I view my life in a very positive light—I’m in a great place mentally. I’ve been through a lot of tough times, but I look at it all through a scientific lens—I look at the pain of the past and see hope for the future. I hope to attain my incredible guanfacine effect permanently. And I think that it would be—right now at least—too overwhelming to imagine places even higher than what guanfacine has awakened for me.

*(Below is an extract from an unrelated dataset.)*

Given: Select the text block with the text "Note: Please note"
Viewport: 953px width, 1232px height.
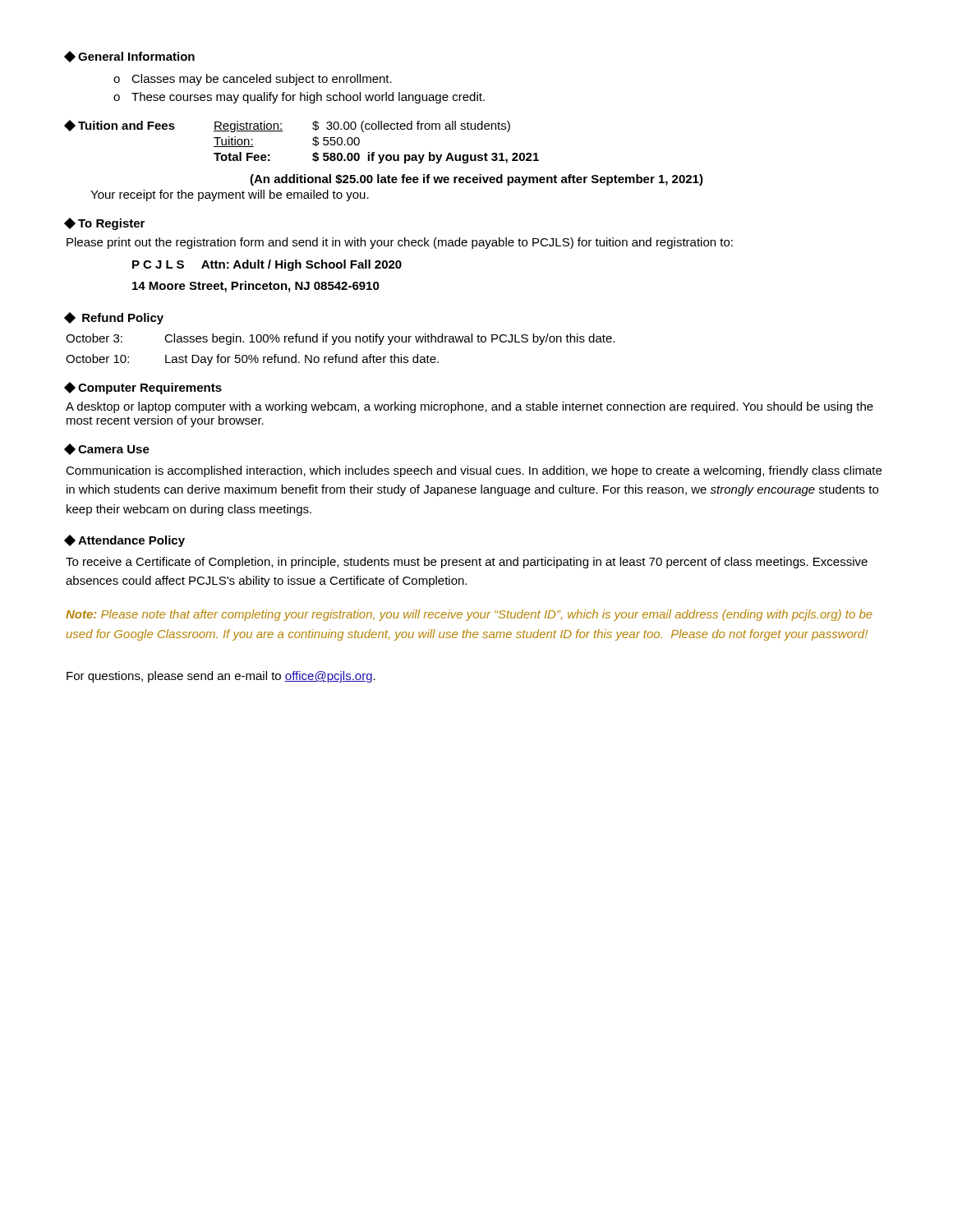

The “dlPFC representational machinery interacts extensively with posterior cortices, providing top-down regulation, for example, to suppress irrelevant operations or enhance the processing and storage of a nonsalient but relevant stimulus and to reactivate long-term memories onto the mental sketch pad as a key part of memory retrieval and recall”—that quote from the 2012 Neuron article speaks to me on an extremely deep level, since the words capture so well what my 2023 guanfacine experience was all about. It was all about “top-down regulation”. And suppressing “irrelevant operations”. And processing and storing “nonsalient but relevant” things. And reactivating “long-term memories onto the mental sketch pad”. Lots of questions come to mind—where had all those memories that rushed onto my mental sketchpad been residing, how could I see so vividly things that I’d never visualized in my life and that I hadn’t witnessed since childhood, how was my brain—which grouped my long-term memories in such an interesting fashion—able to organize all of my long-term memories in such a useful and logical way, and how did these systems in my brain spring to life if they’d never been online? I can’t be the only one to have had a response like this to guanfacine or some other ADHD medication—I hope to read similar stories from others. I think that the future is bright—we just have to turn the lights on.
I don't think that researchers typically engage with anti-psychiatry beyond broad strokes, but I do remember some interesting and substantive debates psychiatrists would have with Philip Hickey on the Mad in America blog, but he seems to have retired now, sadly.
Very informative and thought-provoking. Thank you.